We made it through the Ides of March, which saw the assassination of Julius Caesar in 44 BC. But before Julius Caesar began his dictatorship, there was another leader of the Roman Empire who was as infamous as Caesar was famous. His full name was Gaius Julius Caesar Augustus Germanicus. That’s a mouthful, so he was most often referred to by his nickname, Caligula. That very word still brings up images of debauchery and madness today. He came to power on this day in 37 BC.

It was Alexander Pope who said that absolute power corrupts absolutely. He was right, and Caligula is a perfect example of that. Well, let’s dial that back a bit. There’s a good chance that Caligula was a little bit nuts before he became the emperor, so giving him total control of the Roman Empire just exacerbated that situation.

Things seemed fine in the Empire for the first six months. Caligula banned trials for treason, recalled all the exiles, and raised the pay of the military. There is even evidence that he began laying out plans for the invasion of Britain.

In October 37 AD, things changed. Caligula fell ill. Maybe he was poisoned. My personal vote is for syphilis. Whatever it was, after his illness, Caligula turned mean. He began eliminating any person that he viewed as a threat. With his paranoia ramped up to 11, that was a lot of people.

He had his own adopted son murdered. He may have poisoned his grandmother. He whacked his father-in-law and brother-in-law. When his favorite sister died, he exiled his other two sisters.

Caligula was also given to banging other men’s wives, including the wives of members of the Senate. This did nothing to endear him to the hearts of the senators. There is one recorded instance of Caligula ordering an entire section of the crowd at the gladiatorial games to be thrown to the lions. It was intermission. There were no more criminals. He was bored. It happens.

The Emperor insisted a two-mile-long floating bridge be constructed across the Bay of Bauli. This required hundreds of Roman merchant ships and builders. And he only wanted to spend a couple of days on his horse, riding across it.

Oh, the horse. Caligula loved his horse, Incitatus. He had a stall built for it made of marble. In an inspired bit of lunacy, Caligula had Incitatus ordained as a priest.

It was when Caligula decided that he was a living representation of the gods that the Senate decided to take action. Two temples were set up for Caligula worship, and he began calling himself the “New Sun.” Even for the Romans, that was quite enough, thank you very much.

Caligula’s role as emperor came to an end when he was forced to abdicate his position by a lot of people killing him. He was stabbed 30 times by a group of conspirators. So much for that whole being a god thing.

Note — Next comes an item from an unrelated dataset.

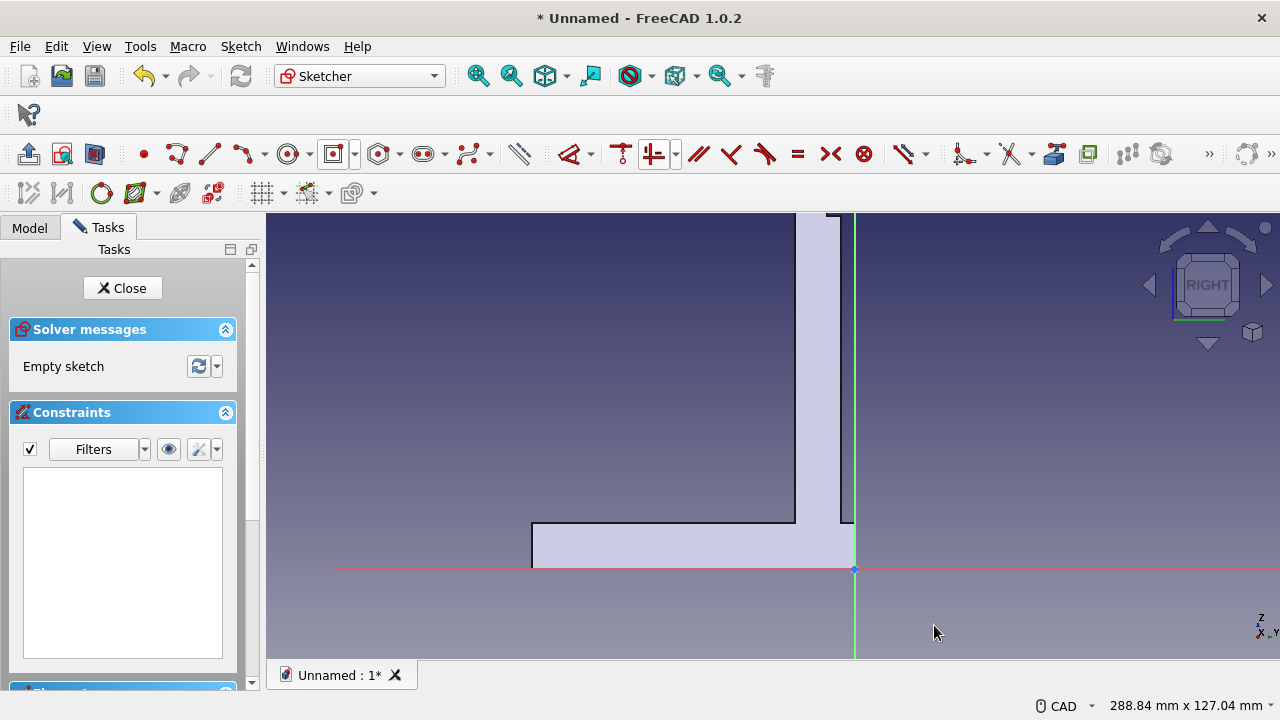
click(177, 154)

It’s not so much the real Caligula we remember as it is Malcolm McDowell’s portrayal of him in the 1979 Tinto Brass film called, shockingly enough, Caligula. This movie was controversial because it had big stars, like Sir John Gielgud and Peter O’Toole, but it had also had scenes of hardcore pornography which, thankfully, did not include Sir John Gielgud or Peter O’Toole. The movie did feature Helen Mirren in an early role, if you’re into that sort of thing, and you are.

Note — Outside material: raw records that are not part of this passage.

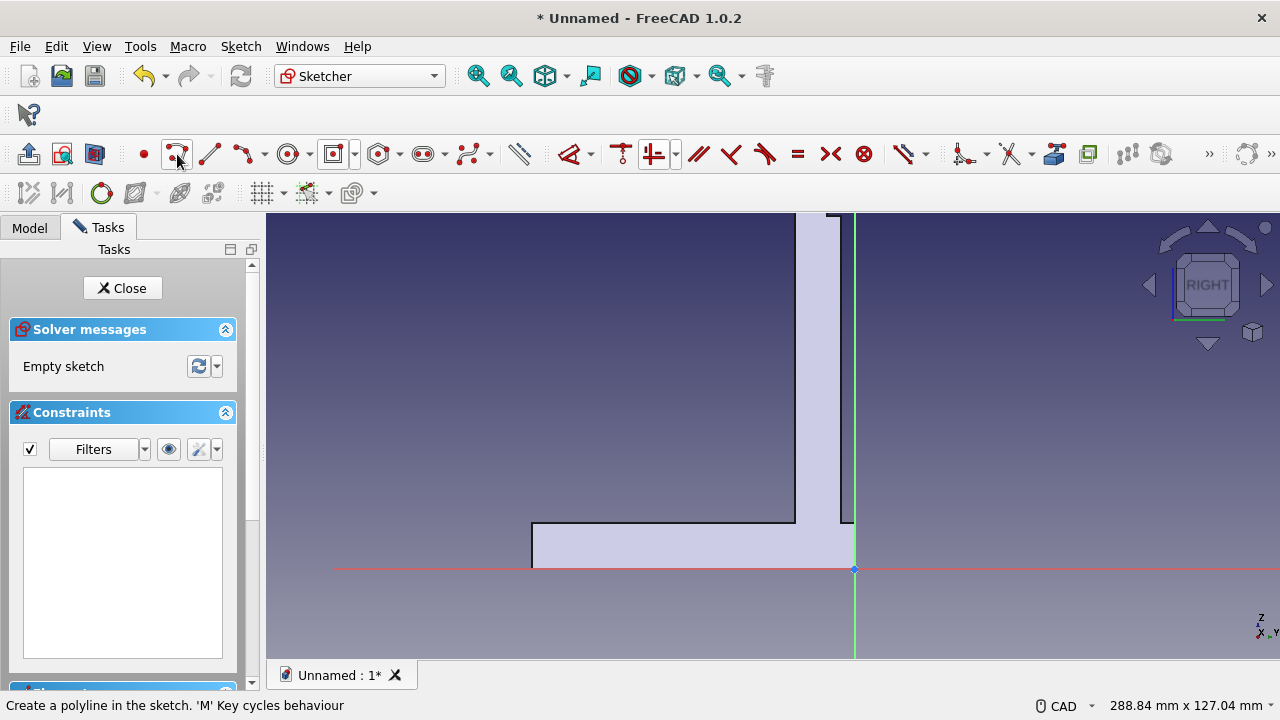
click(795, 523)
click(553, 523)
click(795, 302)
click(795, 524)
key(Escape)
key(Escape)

Caligula is still banned in Canada and Iceland. However, to the best of my knowledge, Caligula Reincarnated As Hitler is not. This Naziploitation movie, also known as Last Orgy of the Third Reich, is a horrible piece of film, filled with cannibalism, sodomy, and rape. These are all things Caligula was also into, but beyond that, he has nothing to do with the movie.

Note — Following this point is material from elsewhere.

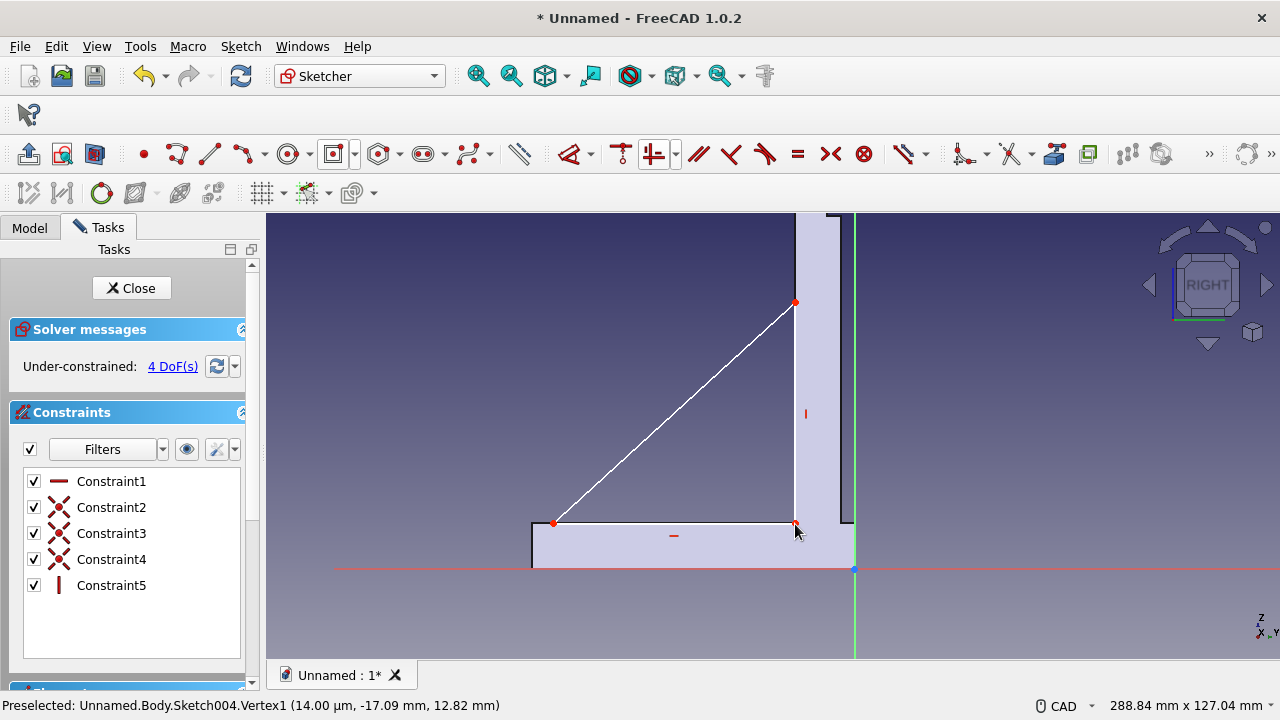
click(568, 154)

Matthew Sweet used one of Malcolm McDowell’s speeches from Caligula as the intro to his song, “Ugly Truth Rock.” The Smiths sang about being asked to do things at the end of the day that would have made Caligula blush.

He’s still the gold standard for terrible behavior and self-aggrandization. He’s what every Seventies rock star dreamed of being. Caligula really was a golden god, except that he wasn’t, because gods can’t be stabbed. Is that true? Mel Gibson says no. I’m going to have to rethink my entire belief system now.